In our first article, we discussed How to Choose the Right Tiles and in our second, we discussed How to Choose the Right Adhesive. If you haven’t read those first, just click on the links to be taken straight to the posts!
You may have finally whittled down your choice of tiles and with our help, you may now know how to adhere those tiles to your surface. But what about grout? Do you choose a rapid setting or standard? Should you go with a light colour or a dark? With so many choices available, it’s understandable that there maybe still be some confusion as to the best type of grout to use for your particular project.
Some things you might want to keep in mind…

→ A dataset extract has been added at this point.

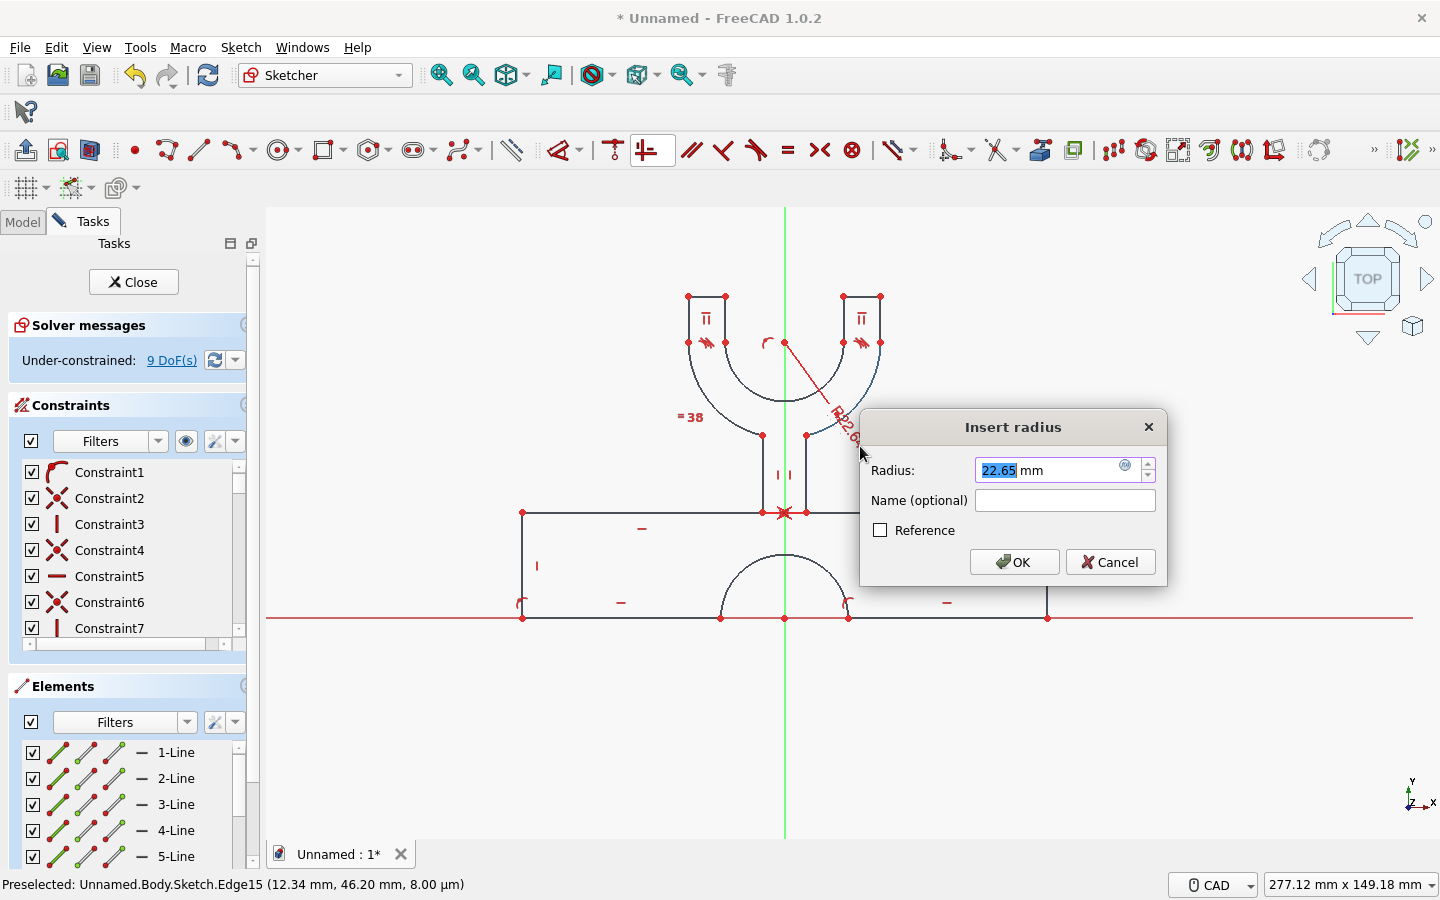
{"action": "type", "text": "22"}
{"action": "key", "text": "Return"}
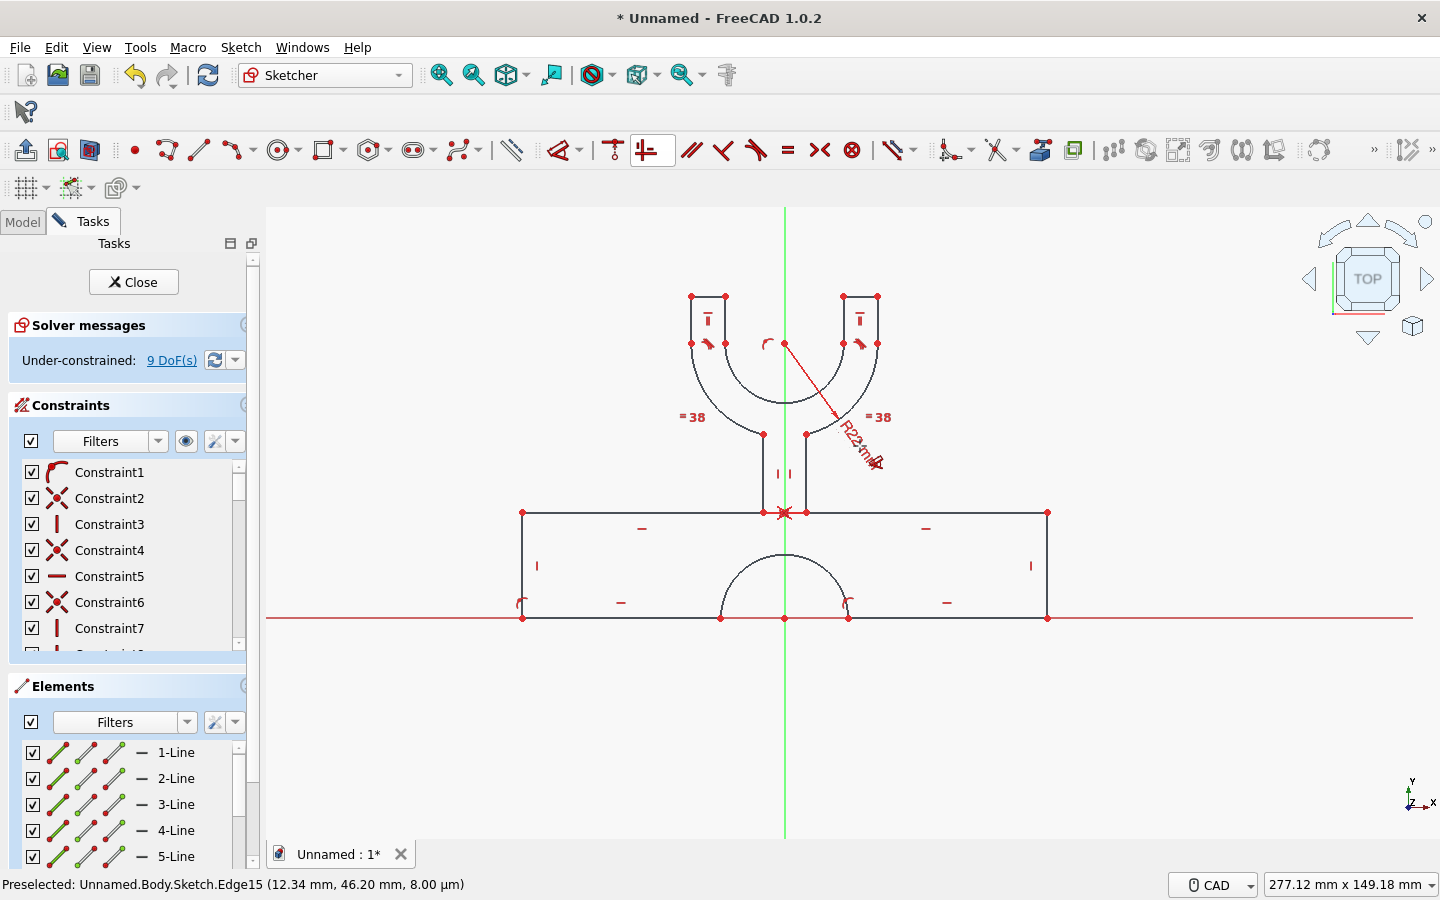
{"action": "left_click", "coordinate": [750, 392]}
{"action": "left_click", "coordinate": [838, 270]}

Powder based adhesives come in both grey and white, and rapid or standard setting variants. The decision to use white over grey is determined by the type and colour of tiles chosen as well as the colour of the grout. Lighter colour materials are ideally suited to white adhesives.
The choice of rapid setting adhesive over standard setting is really up to the person installing and their proficiency in execution. The only time a rapid setting should be considered as a must is when installing natural/agglomerated stone.
Things to bear in mind if the floor has an under-tile (electric) or under-floor (water) heating system…
In these instances, flexible adhesives and grout should be used. When installing natural stone, an anti-fracture membrane should be installed to comply with the code of practice for electrical systems. If the room has wetted areas, then a tanking membrane should be used to protect your backgrounds from any possible water damage. These are essential in wet rooms.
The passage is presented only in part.